Un été de tous les dangers. L’inévitable relâchement de celles et ceux qui sortaient du confinement et se sont réunis pour festoyer – parfois de façon très intempestive – aura donc, en partie, amorcé un rebond de l’épidémie. Le masque est réapparu. Il ne disparaîtra plus – au moins pendant deux ans. Et puis, l’insécurité – que l’on nomme à tort «incivilités» – n’a pas cessé de choquer, d’inquiéter, d’indigner. Les maires que l’on agresse, les pillages débiles pour cause de match de foot, la violence quasi banalisée qui surgit au coin d’un arrêt de bus ou d’une bouche de métro, tous ces innocents qui ont voulu bien faire et se sont retrouvés tabassés par des voyous, tout ce qui alimente la rubrique «faits divers» des médias, et tout ce qu’il faudra bien, un jour, mieux contrôler, mieux punir.

Un été à l’actualité anxiogène. De l’empoisonnement de l’opposant russe Alexeï Navalny aux affrontements multiples dans les villes américaines entre policiers et manifestants de toutes tendances, des actions du président turc Recep Tayyip Erdogan dans le bassin méditerranéen à la répression de la Chine, qui veut définitivement soumettre Hong Kong et en finir avec la démocratie, du duel entre Donald Trump et Joe Biden (bien malin celui qui peut prévoir qui l’emportera dans soixante-six jours !), de l’effrayante explosion à Beyrouth, avec ses morts, ses responsables jusqu’ici intouchables, désastre qui enfonce un peu plus le Liban dans le malheur, combien d’événements presque tous négatifs ont en partie occulté l’accord très positif Merkel-Macron, symbolisant une Europe qui tient debout, malgré tout ?

Un été de déception. Le PSG ! Les larmes de Neymar, la joie de Coman.

Un été de culture. Le besoin de musique, de spectacles, de cinéma, d’expositions n’a jamais été aussi fort – et aussi peu assouvi. Saluons celles et ceux qui ont tout de même réussi à performer, à encourager les gens à revenir dans les salles, à se battre pour ne pas céder à l’excès de précaution qui paralyserait le retour du public.

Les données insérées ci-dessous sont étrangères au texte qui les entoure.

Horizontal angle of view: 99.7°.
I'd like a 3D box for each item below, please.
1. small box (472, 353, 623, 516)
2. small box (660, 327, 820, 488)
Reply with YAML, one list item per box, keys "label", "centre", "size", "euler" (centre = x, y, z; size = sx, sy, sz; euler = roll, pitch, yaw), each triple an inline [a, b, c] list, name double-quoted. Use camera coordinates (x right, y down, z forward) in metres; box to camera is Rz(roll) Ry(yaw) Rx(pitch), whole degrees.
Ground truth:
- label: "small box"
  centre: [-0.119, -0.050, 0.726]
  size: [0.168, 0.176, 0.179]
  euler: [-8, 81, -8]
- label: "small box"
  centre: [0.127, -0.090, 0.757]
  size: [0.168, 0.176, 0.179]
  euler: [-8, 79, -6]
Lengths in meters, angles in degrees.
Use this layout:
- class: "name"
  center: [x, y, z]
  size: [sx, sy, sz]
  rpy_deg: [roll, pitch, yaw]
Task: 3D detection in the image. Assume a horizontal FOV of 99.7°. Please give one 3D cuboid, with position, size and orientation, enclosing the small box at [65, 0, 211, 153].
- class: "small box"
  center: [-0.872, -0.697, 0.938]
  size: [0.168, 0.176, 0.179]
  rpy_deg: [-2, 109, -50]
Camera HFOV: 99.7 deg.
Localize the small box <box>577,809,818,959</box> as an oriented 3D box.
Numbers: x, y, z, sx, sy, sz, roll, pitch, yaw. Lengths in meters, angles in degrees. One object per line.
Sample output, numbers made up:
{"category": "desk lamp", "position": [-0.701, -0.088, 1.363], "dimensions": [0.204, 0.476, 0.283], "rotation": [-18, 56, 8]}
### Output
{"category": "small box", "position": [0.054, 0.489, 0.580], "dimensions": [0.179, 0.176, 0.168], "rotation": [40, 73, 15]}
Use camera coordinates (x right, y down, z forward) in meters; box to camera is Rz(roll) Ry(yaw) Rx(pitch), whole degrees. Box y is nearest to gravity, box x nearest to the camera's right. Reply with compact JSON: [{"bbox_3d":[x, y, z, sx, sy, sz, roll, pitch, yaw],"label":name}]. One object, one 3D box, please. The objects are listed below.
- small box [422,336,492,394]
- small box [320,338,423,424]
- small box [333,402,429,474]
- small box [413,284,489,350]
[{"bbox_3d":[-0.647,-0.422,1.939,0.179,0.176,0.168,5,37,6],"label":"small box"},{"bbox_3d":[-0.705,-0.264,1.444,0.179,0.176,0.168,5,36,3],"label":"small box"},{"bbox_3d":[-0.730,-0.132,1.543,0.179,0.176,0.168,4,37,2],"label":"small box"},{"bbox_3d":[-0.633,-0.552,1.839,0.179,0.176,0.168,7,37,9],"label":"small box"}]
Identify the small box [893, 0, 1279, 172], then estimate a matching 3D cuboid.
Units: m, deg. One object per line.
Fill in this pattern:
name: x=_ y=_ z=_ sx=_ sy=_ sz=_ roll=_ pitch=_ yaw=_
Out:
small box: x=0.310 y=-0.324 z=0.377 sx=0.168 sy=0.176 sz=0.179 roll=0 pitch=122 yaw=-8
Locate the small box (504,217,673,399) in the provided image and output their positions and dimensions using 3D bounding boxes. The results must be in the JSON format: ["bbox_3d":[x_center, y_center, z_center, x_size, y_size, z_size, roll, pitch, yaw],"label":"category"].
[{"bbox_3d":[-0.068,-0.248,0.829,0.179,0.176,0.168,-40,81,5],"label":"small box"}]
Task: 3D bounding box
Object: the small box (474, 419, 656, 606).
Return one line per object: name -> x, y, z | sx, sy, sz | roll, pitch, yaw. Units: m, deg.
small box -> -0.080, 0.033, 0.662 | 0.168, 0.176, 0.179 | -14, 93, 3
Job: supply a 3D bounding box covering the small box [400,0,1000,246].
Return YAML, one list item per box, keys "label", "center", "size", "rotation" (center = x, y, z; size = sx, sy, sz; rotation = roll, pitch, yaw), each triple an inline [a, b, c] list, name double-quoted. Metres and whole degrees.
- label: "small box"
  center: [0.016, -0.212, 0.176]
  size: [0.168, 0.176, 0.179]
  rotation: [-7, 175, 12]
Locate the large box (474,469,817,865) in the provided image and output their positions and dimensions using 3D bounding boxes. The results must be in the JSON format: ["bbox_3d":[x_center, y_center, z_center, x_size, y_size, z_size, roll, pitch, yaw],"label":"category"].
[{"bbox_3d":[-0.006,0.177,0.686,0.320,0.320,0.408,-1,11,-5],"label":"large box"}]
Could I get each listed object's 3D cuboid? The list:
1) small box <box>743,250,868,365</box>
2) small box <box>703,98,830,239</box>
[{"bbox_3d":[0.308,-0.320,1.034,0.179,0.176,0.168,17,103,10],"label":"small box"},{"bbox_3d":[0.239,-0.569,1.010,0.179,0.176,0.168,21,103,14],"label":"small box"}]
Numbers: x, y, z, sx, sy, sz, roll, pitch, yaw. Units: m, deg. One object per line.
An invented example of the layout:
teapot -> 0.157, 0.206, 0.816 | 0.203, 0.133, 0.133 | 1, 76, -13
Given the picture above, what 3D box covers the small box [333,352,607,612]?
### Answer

On peut, en revanche, se réjouir de la bonne santé du livre. Les libraires connaissent une fréquentation encourageante, et la déferlante de nouveaux romans et essais, français ou étrangers, confirme que cette rentrée littéraire va très bien se passer. J’ai retenu, parmi tant d’ouvrages que j’ai reçus, le dialogue de Gisèle Halimi avec Annick Cojean, Une farouche liberté (éd. Grasset) et la réédition en deux volumes du Bloc-notes de François Mauriac (éd. Robert Laffont, collection Bouquins), avec une préface de Jean-Luc Barré. Selon lui, le grand écrivain-journaliste n’a pas subi «l’usure du temps». Cette somme de textes (deux volumes qui couvrent la période allant de 1952 à 1970) est un trésor. Du style, de la verve, de la précision, une grande intelligence. Beaucoup d’autres parutions prolongeront cet été indéfinissable. Mais vers quel automne irons-nous ? Il est souhaitable de l’aborder avec courage, patience, et, surtout, une exigeante capacité d’adaptation. Et puis, il reste l’espoir – sans quoi nous ne pourrions vivre ou survivre.